====== RECORDS FOR PROCESSING

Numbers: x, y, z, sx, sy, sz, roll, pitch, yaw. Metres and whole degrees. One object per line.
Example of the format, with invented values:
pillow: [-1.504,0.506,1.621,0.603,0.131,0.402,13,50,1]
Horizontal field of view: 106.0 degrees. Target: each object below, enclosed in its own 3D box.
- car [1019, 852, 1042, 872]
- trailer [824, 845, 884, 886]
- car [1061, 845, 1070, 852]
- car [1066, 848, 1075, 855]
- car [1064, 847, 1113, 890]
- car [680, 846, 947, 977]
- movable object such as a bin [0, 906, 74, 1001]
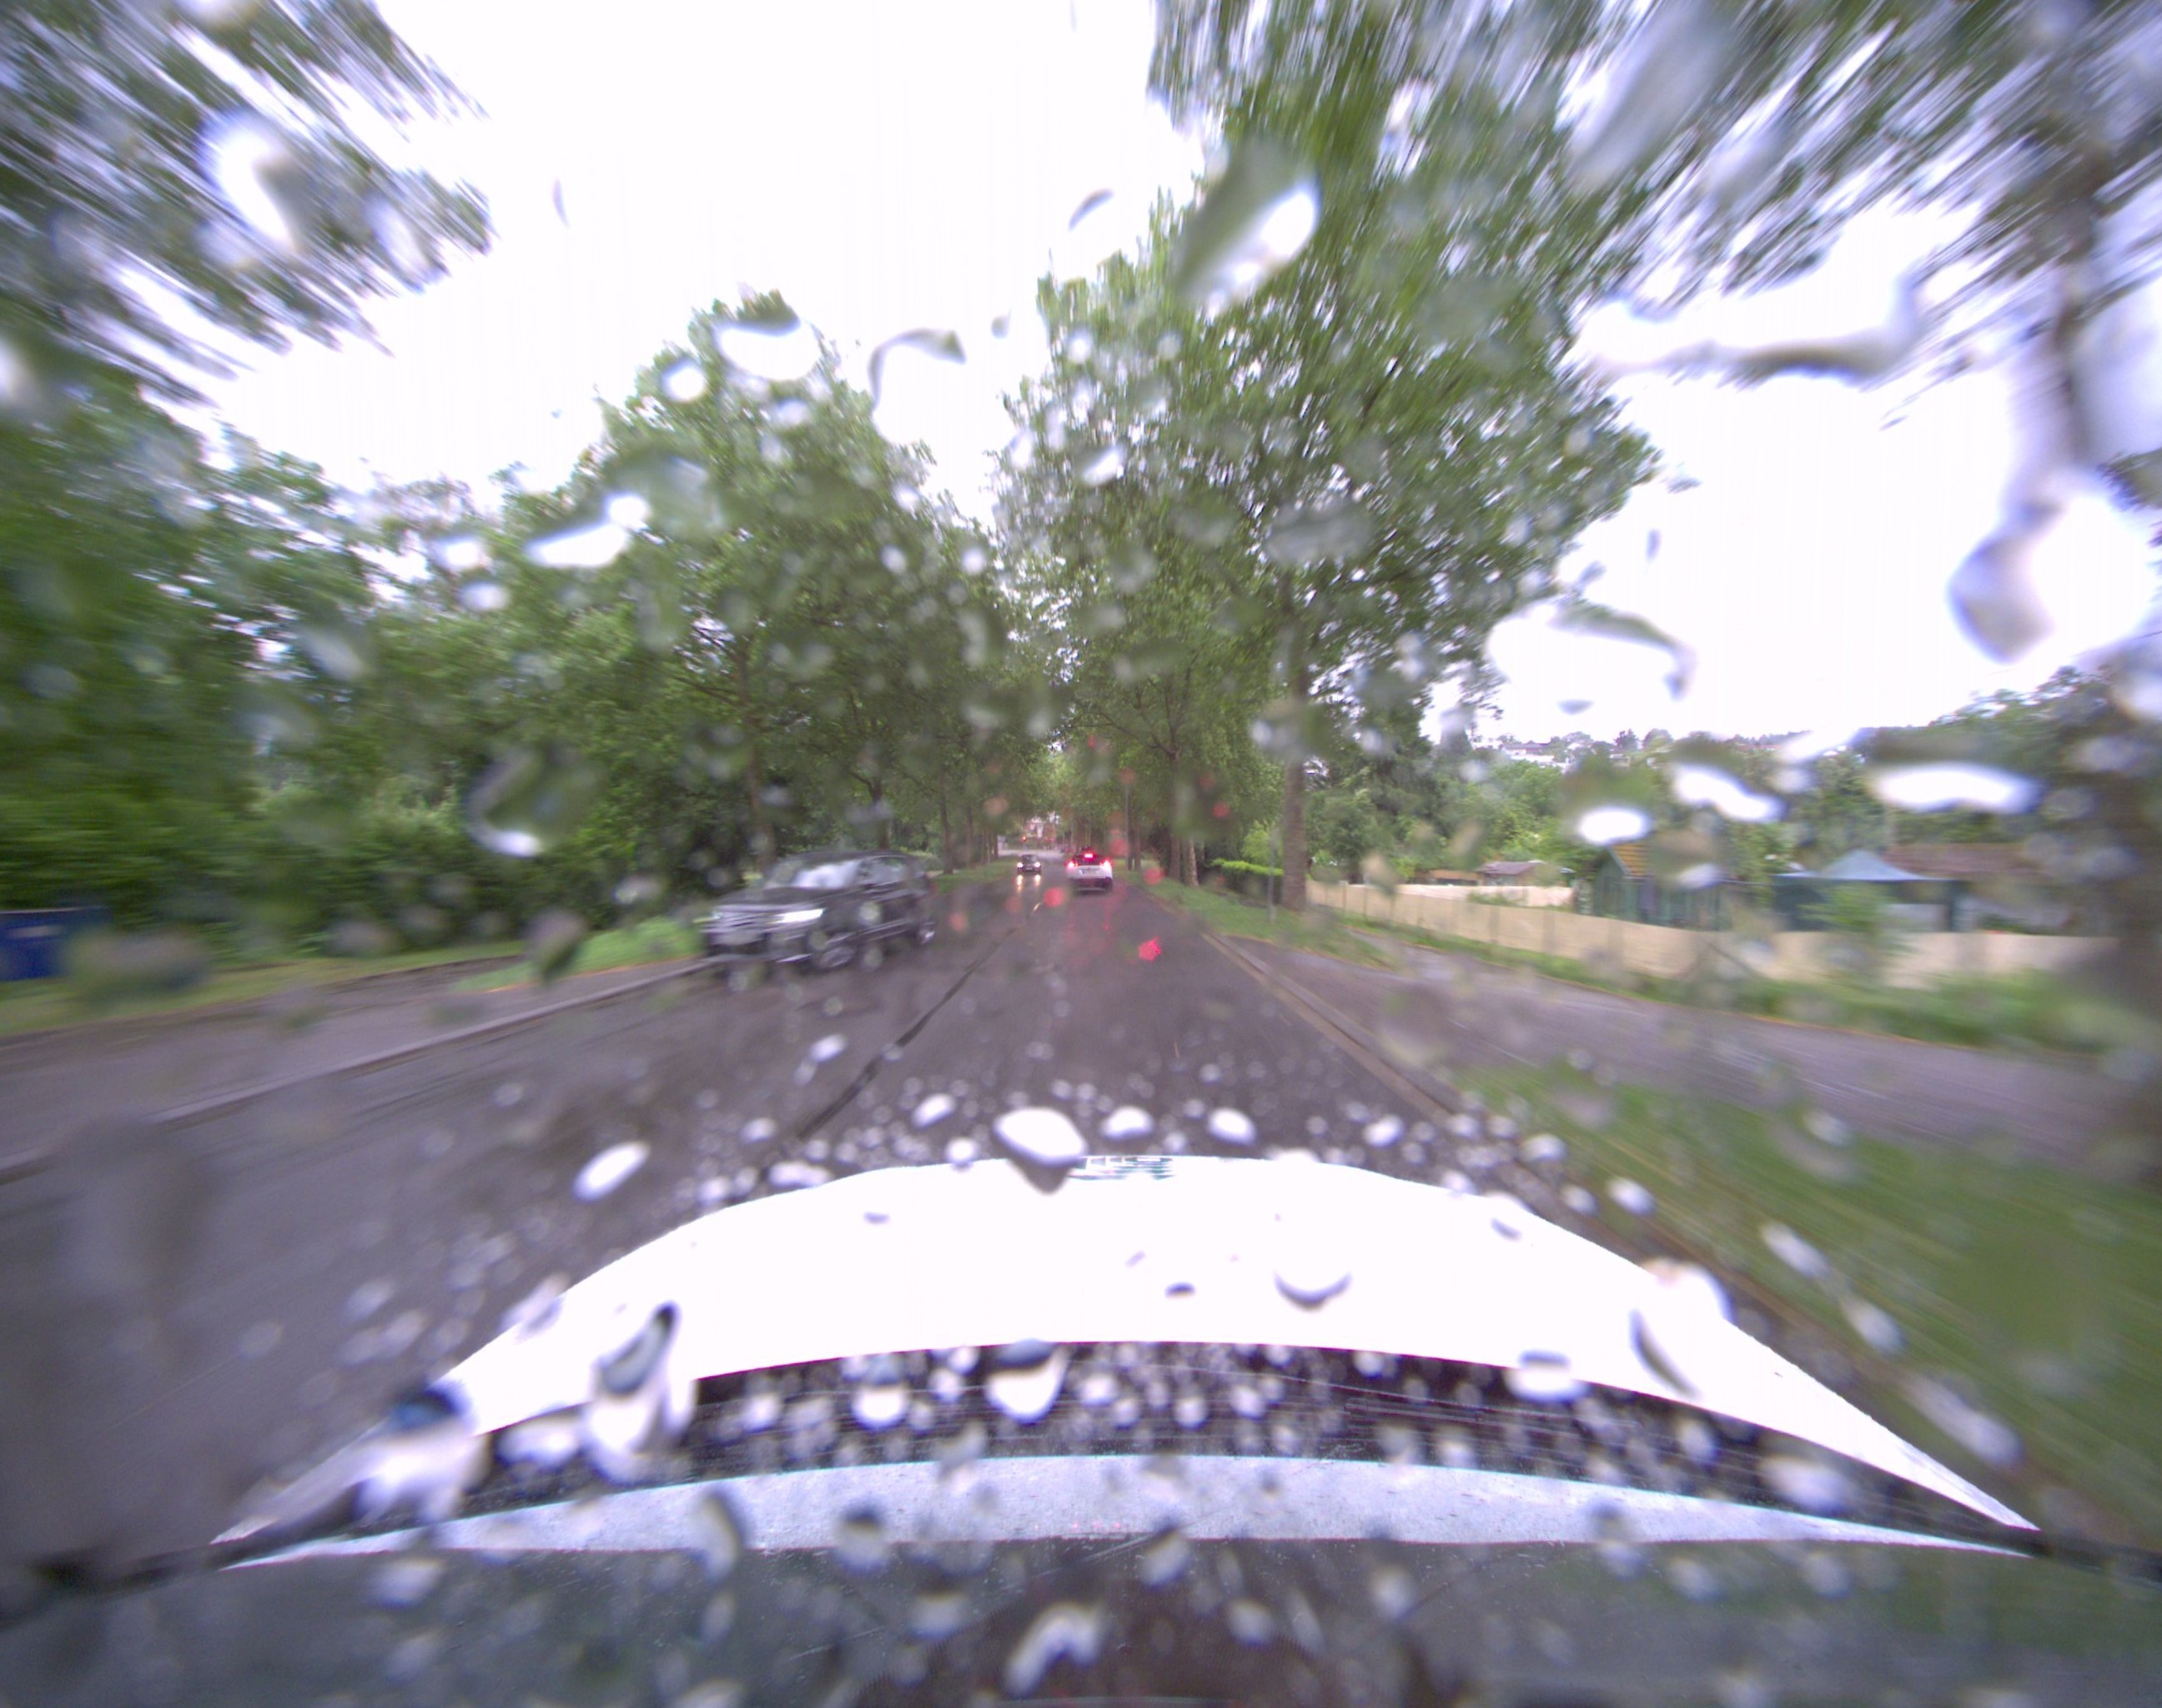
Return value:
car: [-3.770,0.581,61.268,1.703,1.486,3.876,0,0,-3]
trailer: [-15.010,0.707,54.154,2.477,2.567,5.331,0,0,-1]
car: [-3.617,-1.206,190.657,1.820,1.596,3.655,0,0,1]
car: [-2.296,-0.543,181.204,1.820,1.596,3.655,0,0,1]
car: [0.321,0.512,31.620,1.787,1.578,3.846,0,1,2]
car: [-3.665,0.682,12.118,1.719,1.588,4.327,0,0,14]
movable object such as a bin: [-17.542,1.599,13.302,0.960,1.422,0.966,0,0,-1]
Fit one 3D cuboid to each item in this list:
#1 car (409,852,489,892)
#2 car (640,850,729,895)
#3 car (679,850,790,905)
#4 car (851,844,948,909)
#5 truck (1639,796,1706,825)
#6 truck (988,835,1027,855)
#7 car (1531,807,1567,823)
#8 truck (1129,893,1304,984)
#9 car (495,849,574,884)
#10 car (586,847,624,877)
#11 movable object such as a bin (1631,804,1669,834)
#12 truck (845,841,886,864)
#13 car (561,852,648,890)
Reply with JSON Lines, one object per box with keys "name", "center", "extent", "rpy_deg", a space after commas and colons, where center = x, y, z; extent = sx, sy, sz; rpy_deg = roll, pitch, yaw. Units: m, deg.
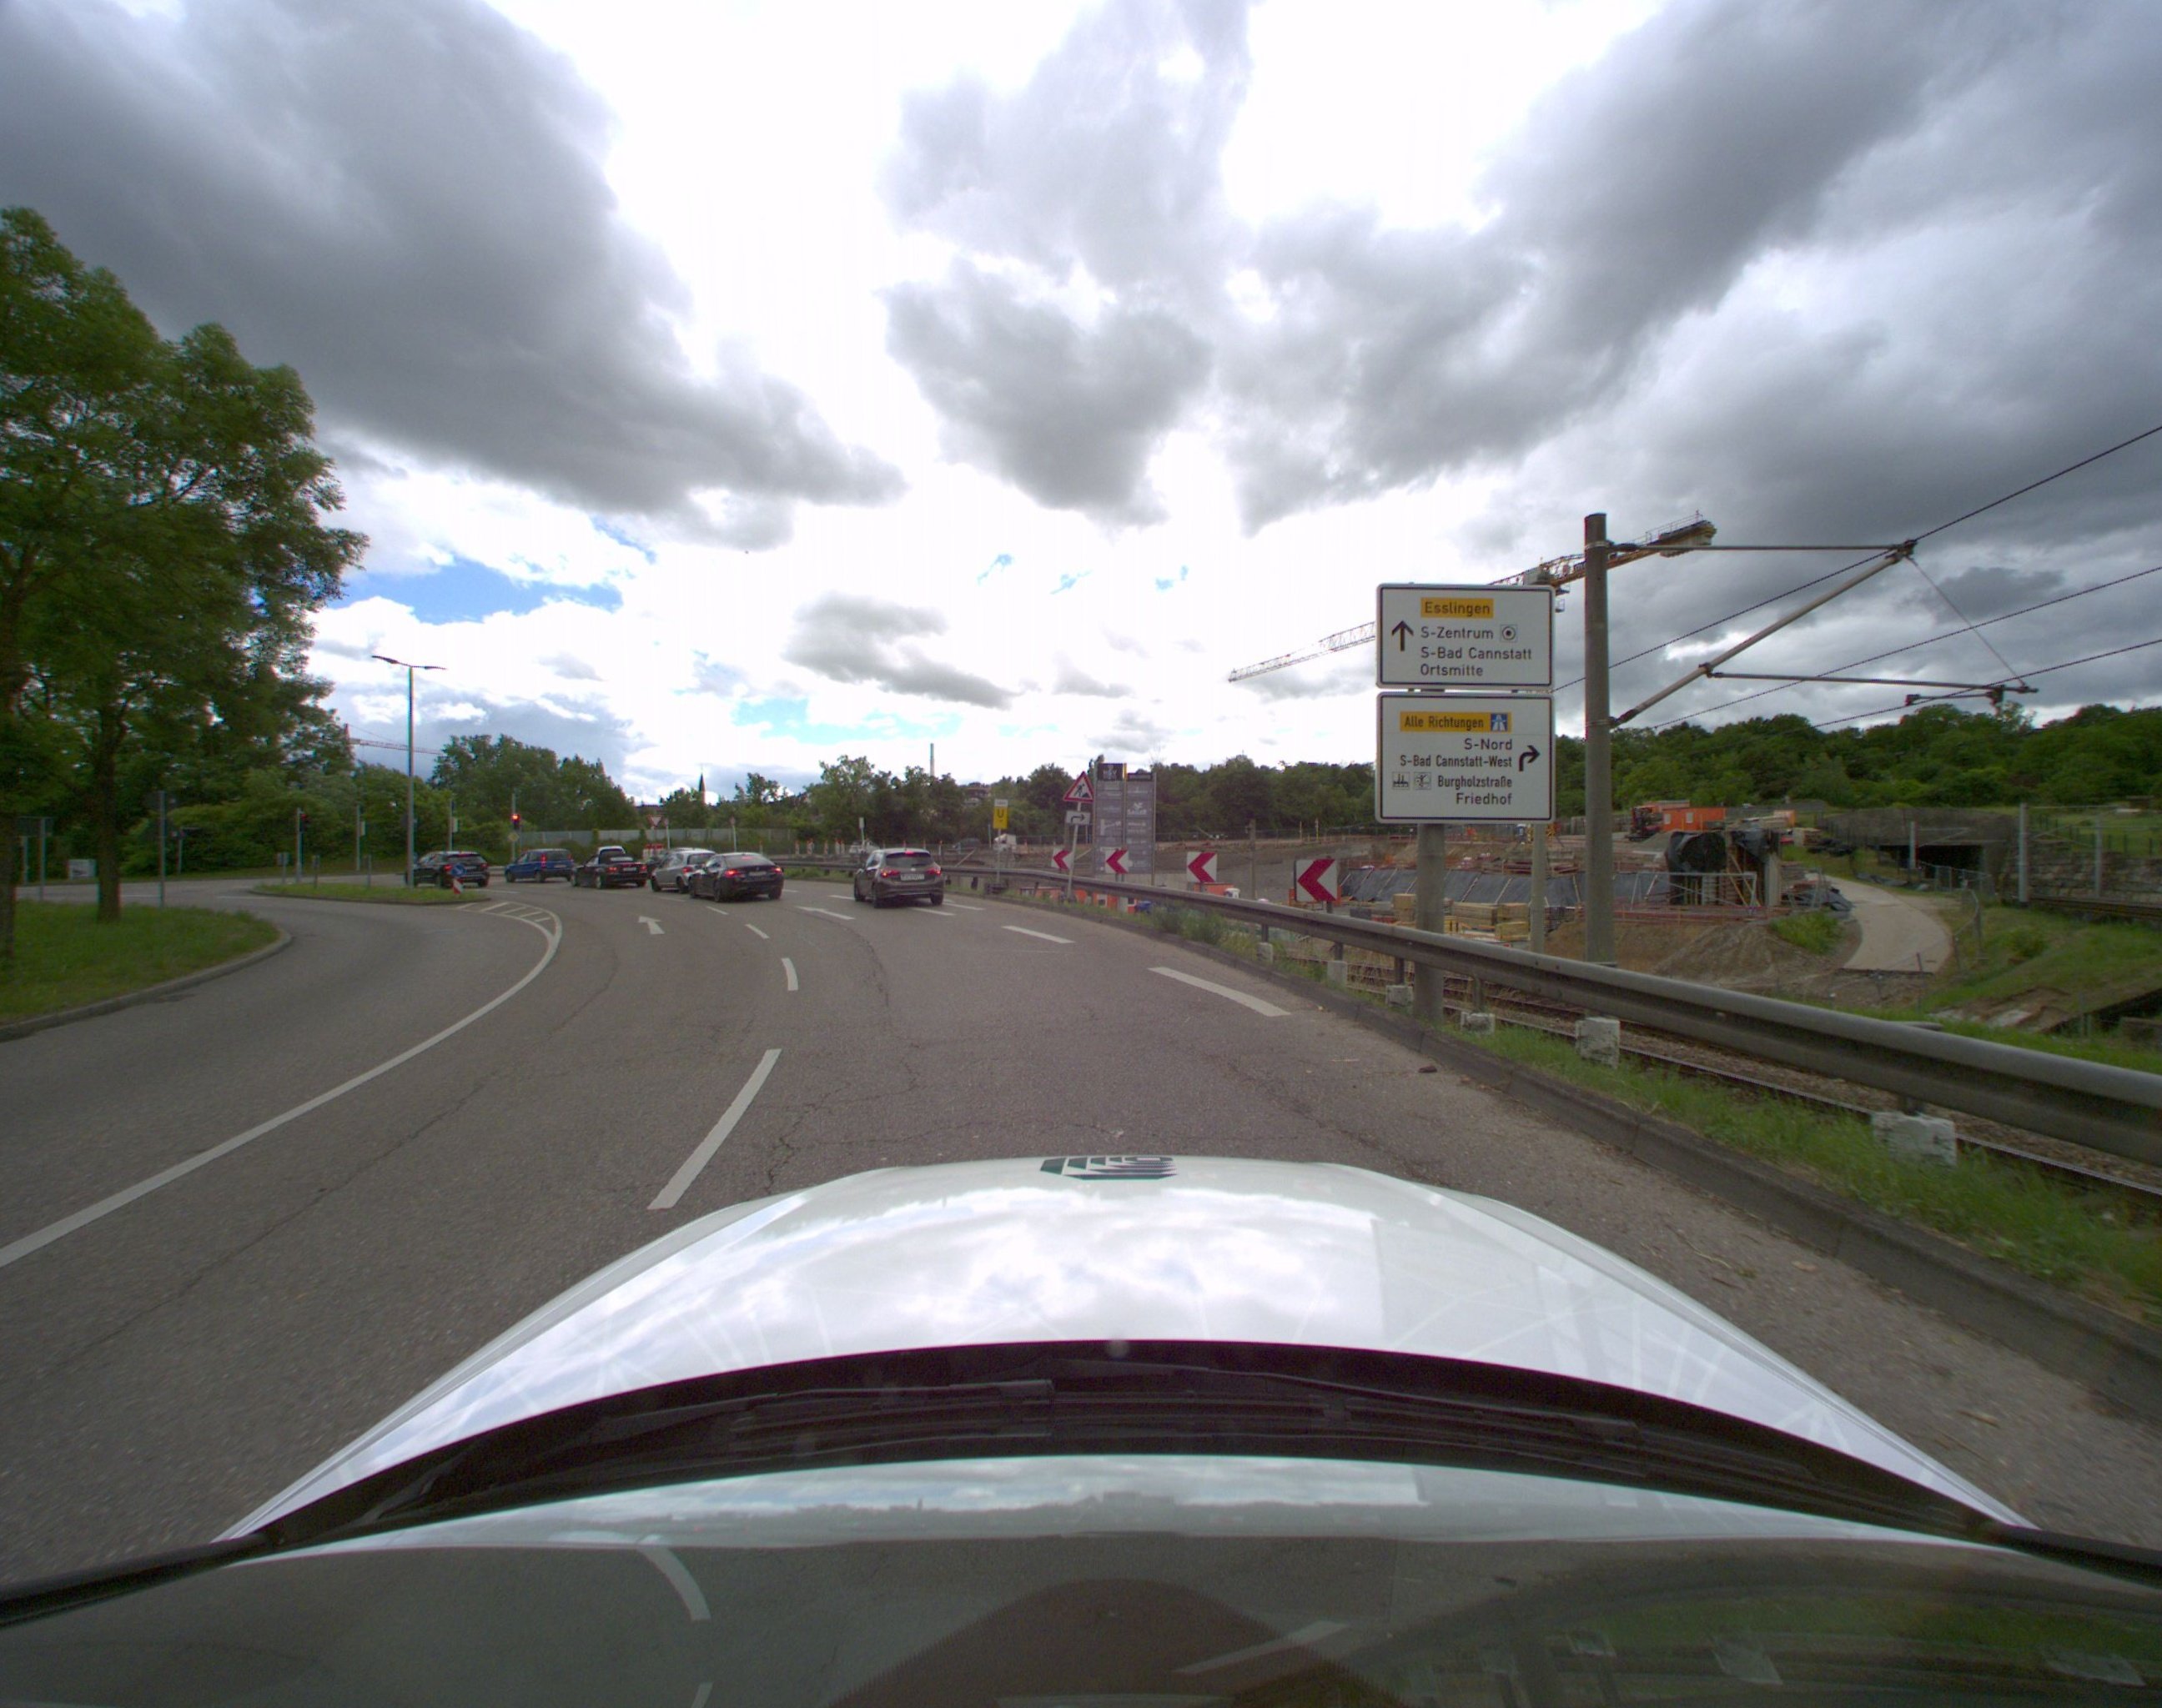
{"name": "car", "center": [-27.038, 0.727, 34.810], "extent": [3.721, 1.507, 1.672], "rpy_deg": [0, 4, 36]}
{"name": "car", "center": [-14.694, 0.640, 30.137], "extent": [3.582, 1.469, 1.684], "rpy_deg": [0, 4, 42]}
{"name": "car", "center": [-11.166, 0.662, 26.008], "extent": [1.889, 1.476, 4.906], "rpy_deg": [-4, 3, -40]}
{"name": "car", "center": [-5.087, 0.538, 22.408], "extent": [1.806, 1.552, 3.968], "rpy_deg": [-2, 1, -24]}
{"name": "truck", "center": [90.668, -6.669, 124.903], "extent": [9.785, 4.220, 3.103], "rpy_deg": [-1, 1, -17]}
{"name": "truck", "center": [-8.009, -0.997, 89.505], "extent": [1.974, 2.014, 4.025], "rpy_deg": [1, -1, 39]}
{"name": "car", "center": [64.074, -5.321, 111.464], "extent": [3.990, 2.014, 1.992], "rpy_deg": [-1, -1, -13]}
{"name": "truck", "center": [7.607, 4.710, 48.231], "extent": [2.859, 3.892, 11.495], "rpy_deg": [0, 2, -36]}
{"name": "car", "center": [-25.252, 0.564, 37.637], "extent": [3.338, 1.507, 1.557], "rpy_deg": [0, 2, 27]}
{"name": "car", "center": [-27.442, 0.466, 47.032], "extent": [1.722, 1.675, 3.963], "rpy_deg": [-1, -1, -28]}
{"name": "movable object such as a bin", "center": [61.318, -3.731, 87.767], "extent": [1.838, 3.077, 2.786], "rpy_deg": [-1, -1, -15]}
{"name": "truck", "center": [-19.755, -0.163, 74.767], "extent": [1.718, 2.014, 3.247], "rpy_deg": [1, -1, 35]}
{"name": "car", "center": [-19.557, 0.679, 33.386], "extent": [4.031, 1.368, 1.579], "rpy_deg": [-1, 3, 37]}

============

## DIRECTIONS
The records above must be echoed exactly, minus their pictures.

## REPLY
Numbers: x, y, z, sx, sy, sz, roll, pitch, yaw. Metres and whole degrees. One object per line.
Example of the format, with invented values:
pillow: [-1.504,0.506,1.621,0.603,0.131,0.402,13,50,1]
Horizontal field of view: 106.0 degrees. Target: each object below, enclosed in its own 3D box.
- car [1019, 852, 1042, 872]
- trailer [824, 845, 884, 886]
- car [1061, 845, 1070, 852]
- car [1066, 848, 1075, 855]
- car [1064, 847, 1113, 890]
- car [680, 846, 947, 977]
- movable object such as a bin [0, 906, 74, 1001]
Return value:
car: [-3.770,0.581,61.268,1.703,1.486,3.876,0,0,-3]
trailer: [-15.010,0.707,54.154,2.477,2.567,5.331,0,0,-1]
car: [-3.617,-1.206,190.657,1.820,1.596,3.655,0,0,1]
car: [-2.296,-0.543,181.204,1.820,1.596,3.655,0,0,1]
car: [0.321,0.512,31.620,1.787,1.578,3.846,0,1,2]
car: [-3.665,0.682,12.118,1.719,1.588,4.327,0,0,14]
movable object such as a bin: [-17.542,1.599,13.302,0.960,1.422,0.966,0,0,-1]
Fit one 3D cuboid to each item in this list:
#1 car (409,852,489,892)
#2 car (640,850,729,895)
#3 car (679,850,790,905)
#4 car (851,844,948,909)
#5 truck (1639,796,1706,825)
#6 truck (988,835,1027,855)
#7 car (1531,807,1567,823)
#8 truck (1129,893,1304,984)
#9 car (495,849,574,884)
#10 car (586,847,624,877)
#11 movable object such as a bin (1631,804,1669,834)
#12 truck (845,841,886,864)
#13 car (561,852,648,890)
Reply with JSON Lines, one object per box with keys "name", "center", "extent", "rpy_deg", a space after commas and colons, where center = x, y, z; extent = sx, sy, sz; rpy_deg = roll, pitch, yaw. Units: m, deg.
{"name": "car", "center": [-27.038, 0.727, 34.810], "extent": [3.721, 1.507, 1.672], "rpy_deg": [0, 4, 36]}
{"name": "car", "center": [-14.694, 0.640, 30.137], "extent": [3.582, 1.469, 1.684], "rpy_deg": [0, 4, 42]}
{"name": "car", "center": [-11.166, 0.662, 26.008], "extent": [1.889, 1.476, 4.906], "rpy_deg": [-4, 3, -40]}
{"name": "car", "center": [-5.087, 0.538, 22.408], "extent": [1.806, 1.552, 3.968], "rpy_deg": [-2, 1, -24]}
{"name": "truck", "center": [90.668, -6.669, 124.903], "extent": [9.785, 4.220, 3.103], "rpy_deg": [-1, 1, -17]}
{"name": "truck", "center": [-8.009, -0.997, 89.505], "extent": [1.974, 2.014, 4.025], "rpy_deg": [1, -1, 39]}
{"name": "car", "center": [64.074, -5.321, 111.464], "extent": [3.990, 2.014, 1.992], "rpy_deg": [-1, -1, -13]}
{"name": "truck", "center": [7.607, 4.710, 48.231], "extent": [2.859, 3.892, 11.495], "rpy_deg": [0, 2, -36]}
{"name": "car", "center": [-25.252, 0.564, 37.637], "extent": [3.338, 1.507, 1.557], "rpy_deg": [0, 2, 27]}
{"name": "car", "center": [-27.442, 0.466, 47.032], "extent": [1.722, 1.675, 3.963], "rpy_deg": [-1, -1, -28]}
{"name": "movable object such as a bin", "center": [61.318, -3.731, 87.767], "extent": [1.838, 3.077, 2.786], "rpy_deg": [-1, -1, -15]}
{"name": "truck", "center": [-19.755, -0.163, 74.767], "extent": [1.718, 2.014, 3.247], "rpy_deg": [1, -1, 35]}
{"name": "car", "center": [-19.557, 0.679, 33.386], "extent": [4.031, 1.368, 1.579], "rpy_deg": [-1, 3, 37]}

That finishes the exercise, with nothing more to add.